Açılım anayasası

Erdoğan’ın Macaristan dönüşü sırasında, uçakta gazetecilere, “Benim tekrar seçilme veya tekrar aday olma gibi bir derdim yok” demesi, en çok MHP Genel Başkanı Devlet Bahçeli’yi endişelendirdi.

Kuşkusuz bu endişenin kaynağı, Bahçeli’nin siyaseten Erdoğan’a mahkûm olmasıdır. Çünkü Cumhur İttifakı’nın olmadığı şartlarda, MHP daha da eriyecek ve TBMM dışı kalacaktır.

BAHÇELİ'NİN UYARISI

Bahçeli, Erdoğan’ın o sözlerinin ardından bir basın açıklaması yaptı. Açıklama, “Erdoğan’ın yolundan caymaya hakkı yoktur” mesajıyla bir çağrı niteliği taşıyor ama satır aralarındaki bazı ifadeler nedeniyle aynı zamanda uyarı gibi de okunabilir.

Zira Bahçeli’nin “Derdi vatan ve millet olan bir cumhurbaşkanının yolundan caymaya hakkı yoktur” sözü, tersinden, aday olmadığı durumda Erdoğan’ı “vatan ve millet karşıtlığına” pozisyonlamaktadır.

Yine Bahçeli’nin “Tarihi geriye sarmak akıldışılıktır”, “Tarihin gerisine düşmek izmihlalle (yok olup bitme) eşdeğerdir” şeklindeki sözleri de dikkat çekicidir ve asıl önemlisi “Cumhurbaşkanlığı hükümet sisteminin kurum ve kurallarıyla kökleşmesi hususunda elbirliğiyle yapacağımız pek çok şey olduğu her türlü izahtan varestedir” demesidir.

ERDOĞAN'IN DERDİ

Erdoğan’ın “Tekrar seçilme veya tekrar aday olma gibi bir derdim yok” demesi, elbette inandırıcı değil. Sorulara önünde yazılı bir kâğıt olmadan verilen cevaplar sırasında, muhtemelen, cümlenin önündeki hedefi kuvvetlendirmek amaçlı bir söz bu.

Çünkü Erdoğan bu sözün hemen öncesinde, “Yeni anayasayı kendimiz için değil, ülkemiz için istiyoruz” demektedir ve “kendisi için istemediği” iddiasına inandırıcılık kazandırabilmek için de arkasından “tekrar seçilme veya tekrar aday olma gibi bir derdim yok” demiştir.

Erdoğan’ın tekrar aday olabilmek ve tekrar seçilebilmek diye bir derdi vardır ve o dert, bu kez gerçekten büyük bir derttir.
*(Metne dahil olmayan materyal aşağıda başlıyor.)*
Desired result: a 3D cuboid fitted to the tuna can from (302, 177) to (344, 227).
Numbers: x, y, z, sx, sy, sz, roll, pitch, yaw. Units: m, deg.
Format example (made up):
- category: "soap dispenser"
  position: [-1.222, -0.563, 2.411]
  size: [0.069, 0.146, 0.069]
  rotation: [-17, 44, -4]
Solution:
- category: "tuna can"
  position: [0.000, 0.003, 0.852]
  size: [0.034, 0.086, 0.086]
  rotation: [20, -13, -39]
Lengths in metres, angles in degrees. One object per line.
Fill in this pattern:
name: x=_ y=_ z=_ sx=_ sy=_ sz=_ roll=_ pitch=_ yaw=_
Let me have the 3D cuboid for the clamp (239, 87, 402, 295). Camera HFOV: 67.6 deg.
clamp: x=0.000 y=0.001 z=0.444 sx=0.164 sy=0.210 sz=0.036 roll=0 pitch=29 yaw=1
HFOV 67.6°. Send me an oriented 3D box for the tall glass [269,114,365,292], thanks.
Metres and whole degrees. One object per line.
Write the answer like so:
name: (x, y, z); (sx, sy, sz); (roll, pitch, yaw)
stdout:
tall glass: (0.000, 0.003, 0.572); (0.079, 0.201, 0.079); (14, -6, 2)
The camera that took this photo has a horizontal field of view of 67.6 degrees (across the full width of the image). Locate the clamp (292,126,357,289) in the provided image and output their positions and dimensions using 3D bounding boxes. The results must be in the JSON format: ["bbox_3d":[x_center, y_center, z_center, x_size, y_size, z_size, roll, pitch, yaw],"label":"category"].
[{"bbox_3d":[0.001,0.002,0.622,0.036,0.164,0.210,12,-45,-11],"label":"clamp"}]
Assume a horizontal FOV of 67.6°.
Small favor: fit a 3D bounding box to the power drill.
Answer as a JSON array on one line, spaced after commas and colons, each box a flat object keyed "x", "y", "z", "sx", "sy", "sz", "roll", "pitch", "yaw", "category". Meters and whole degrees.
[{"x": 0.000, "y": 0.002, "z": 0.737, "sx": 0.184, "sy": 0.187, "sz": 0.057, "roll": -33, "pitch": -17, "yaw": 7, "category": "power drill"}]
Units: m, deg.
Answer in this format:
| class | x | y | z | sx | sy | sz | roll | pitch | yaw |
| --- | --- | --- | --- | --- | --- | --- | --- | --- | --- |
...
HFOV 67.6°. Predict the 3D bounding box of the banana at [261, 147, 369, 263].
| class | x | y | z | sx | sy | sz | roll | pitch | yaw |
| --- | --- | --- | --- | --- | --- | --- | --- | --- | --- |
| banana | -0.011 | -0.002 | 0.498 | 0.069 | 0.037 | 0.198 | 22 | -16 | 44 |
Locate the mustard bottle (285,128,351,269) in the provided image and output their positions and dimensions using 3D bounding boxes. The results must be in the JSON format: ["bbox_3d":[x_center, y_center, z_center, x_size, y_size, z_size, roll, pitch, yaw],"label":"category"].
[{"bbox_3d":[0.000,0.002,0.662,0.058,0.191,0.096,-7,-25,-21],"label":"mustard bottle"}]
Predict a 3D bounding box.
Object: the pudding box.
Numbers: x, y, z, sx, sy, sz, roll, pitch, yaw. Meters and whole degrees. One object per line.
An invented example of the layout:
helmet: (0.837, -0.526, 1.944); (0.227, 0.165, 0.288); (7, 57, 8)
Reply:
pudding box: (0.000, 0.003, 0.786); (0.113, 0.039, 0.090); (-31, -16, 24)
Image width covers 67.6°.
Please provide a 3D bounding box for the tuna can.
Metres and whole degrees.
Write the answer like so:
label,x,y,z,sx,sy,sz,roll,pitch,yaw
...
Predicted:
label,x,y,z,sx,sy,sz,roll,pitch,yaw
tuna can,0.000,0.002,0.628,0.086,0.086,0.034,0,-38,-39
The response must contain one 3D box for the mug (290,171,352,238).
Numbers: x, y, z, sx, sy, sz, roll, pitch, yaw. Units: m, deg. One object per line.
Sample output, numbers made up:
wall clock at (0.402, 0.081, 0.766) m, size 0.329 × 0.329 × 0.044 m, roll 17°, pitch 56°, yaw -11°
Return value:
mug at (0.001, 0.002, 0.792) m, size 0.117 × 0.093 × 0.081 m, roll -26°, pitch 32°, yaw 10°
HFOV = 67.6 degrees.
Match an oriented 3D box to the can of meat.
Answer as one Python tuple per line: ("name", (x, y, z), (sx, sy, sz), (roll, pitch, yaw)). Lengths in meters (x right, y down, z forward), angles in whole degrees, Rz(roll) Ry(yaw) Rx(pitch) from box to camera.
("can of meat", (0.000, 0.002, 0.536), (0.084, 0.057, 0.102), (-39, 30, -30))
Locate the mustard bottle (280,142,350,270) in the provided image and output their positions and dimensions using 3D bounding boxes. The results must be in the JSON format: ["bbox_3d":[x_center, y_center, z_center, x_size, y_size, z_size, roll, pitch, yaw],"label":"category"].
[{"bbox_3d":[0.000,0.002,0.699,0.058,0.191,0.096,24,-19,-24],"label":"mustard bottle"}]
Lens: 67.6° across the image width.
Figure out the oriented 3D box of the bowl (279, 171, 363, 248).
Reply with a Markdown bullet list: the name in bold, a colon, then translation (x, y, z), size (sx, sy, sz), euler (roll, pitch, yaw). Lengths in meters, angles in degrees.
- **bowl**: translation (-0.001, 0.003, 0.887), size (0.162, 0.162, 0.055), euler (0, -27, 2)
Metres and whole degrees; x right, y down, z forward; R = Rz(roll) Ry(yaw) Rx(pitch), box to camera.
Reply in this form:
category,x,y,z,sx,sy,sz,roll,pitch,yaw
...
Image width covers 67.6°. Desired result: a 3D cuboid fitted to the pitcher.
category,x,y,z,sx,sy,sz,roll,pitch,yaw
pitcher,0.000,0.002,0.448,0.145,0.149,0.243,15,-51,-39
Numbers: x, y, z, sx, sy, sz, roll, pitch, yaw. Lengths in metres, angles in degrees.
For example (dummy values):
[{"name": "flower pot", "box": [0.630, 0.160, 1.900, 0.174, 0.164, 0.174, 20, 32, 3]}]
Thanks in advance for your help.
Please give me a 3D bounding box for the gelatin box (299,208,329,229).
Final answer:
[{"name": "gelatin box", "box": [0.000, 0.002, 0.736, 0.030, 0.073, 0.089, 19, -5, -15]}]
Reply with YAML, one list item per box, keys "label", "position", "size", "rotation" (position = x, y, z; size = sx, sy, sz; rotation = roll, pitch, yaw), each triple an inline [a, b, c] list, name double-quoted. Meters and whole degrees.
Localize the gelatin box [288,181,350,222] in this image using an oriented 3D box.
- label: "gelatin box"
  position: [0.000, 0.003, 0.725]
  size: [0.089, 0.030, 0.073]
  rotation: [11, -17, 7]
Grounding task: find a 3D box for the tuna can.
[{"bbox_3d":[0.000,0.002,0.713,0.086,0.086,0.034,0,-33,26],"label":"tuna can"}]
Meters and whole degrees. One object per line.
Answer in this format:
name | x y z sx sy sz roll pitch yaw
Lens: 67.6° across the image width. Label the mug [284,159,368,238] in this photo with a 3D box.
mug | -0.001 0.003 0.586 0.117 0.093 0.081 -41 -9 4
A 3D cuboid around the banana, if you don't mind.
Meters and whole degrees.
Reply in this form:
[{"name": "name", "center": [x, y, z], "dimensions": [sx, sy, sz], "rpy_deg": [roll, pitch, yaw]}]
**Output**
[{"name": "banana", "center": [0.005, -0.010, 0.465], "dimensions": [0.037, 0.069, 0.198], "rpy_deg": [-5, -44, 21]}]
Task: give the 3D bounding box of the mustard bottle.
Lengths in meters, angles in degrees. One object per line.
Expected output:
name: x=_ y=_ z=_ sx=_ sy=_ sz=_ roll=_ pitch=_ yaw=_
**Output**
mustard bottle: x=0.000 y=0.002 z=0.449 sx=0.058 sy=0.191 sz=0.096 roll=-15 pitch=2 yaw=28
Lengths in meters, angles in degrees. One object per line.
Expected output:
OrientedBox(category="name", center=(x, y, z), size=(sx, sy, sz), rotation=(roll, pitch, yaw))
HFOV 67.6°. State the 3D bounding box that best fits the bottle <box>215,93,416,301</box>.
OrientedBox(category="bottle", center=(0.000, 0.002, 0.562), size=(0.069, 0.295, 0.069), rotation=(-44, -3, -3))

TÜRKİYE'NİN YENİ ANAYASAYA İHTİYACI VAR MI?

Asıl mesele de şudur: Türkiye’nin gerçekten yeni bir anayasaya ihtiyacı var mı? Yoksa asıl ihtiyaç, anayasaya uyan bir iktidar mıdır?

Unutulmamalı: AKP, 82 Anayasası’nın zaten dörtte üçünü değiştirmiş durumda. Üstelik, en önemli değişim, bir ihtiyaçtan değil, Erdoğan’a meşruiyet kazandırma gereğinden doğmuştur. Anımsayın, Bahçeli açıkça “madem Erdoğan anayasaya uymuyor, o zaman anayasayı Erdoğan’a uyduralım” diyerek o değişikliğin yolunu açmıştı.

Ama Erdoğan bir süre sonra kendisine uydurulan anayasaya da uymadı. Hatta iktidar, Anayasa Mahkemesi’nin kararlarını bile tanımayan, uygulamayan bir konumdadır.

Kısacası, Erdoğan’a en uygun anayasa bile, bir süre sonra Erdoğan’a uymayacaktır. Çünkü kurallarla, yasalarla, anayasayla sınırlanmayı kabullenemeyen bir yönetim tarzı var Erdoğan’ın. O nedenle de Türkiye’yi uzunca bir süredir, daha çok kararnamelerle yönetmektedir.

YENİ DEVLETE YASALLIK KAZANDIRMA AMACI

İktidarın bugün yeni bir anayasayı savunmasının önemli nedenlerinden biri, PKK’yle yaptıkları açılıma meşruiyet kazandırmak içindir.

Açılımı devleti dönüştürmekte kaldıraç olarak kullanmakta, dönüşecek yeni devleti yasallaştırmak için de yeni anayasa yapmaya çalışmaktadırlar.

Kısacası, AKP-MHP-PKK’nin Türk-Kürt-İslam rejimine uygun bir yeni anayasadır istedikleri.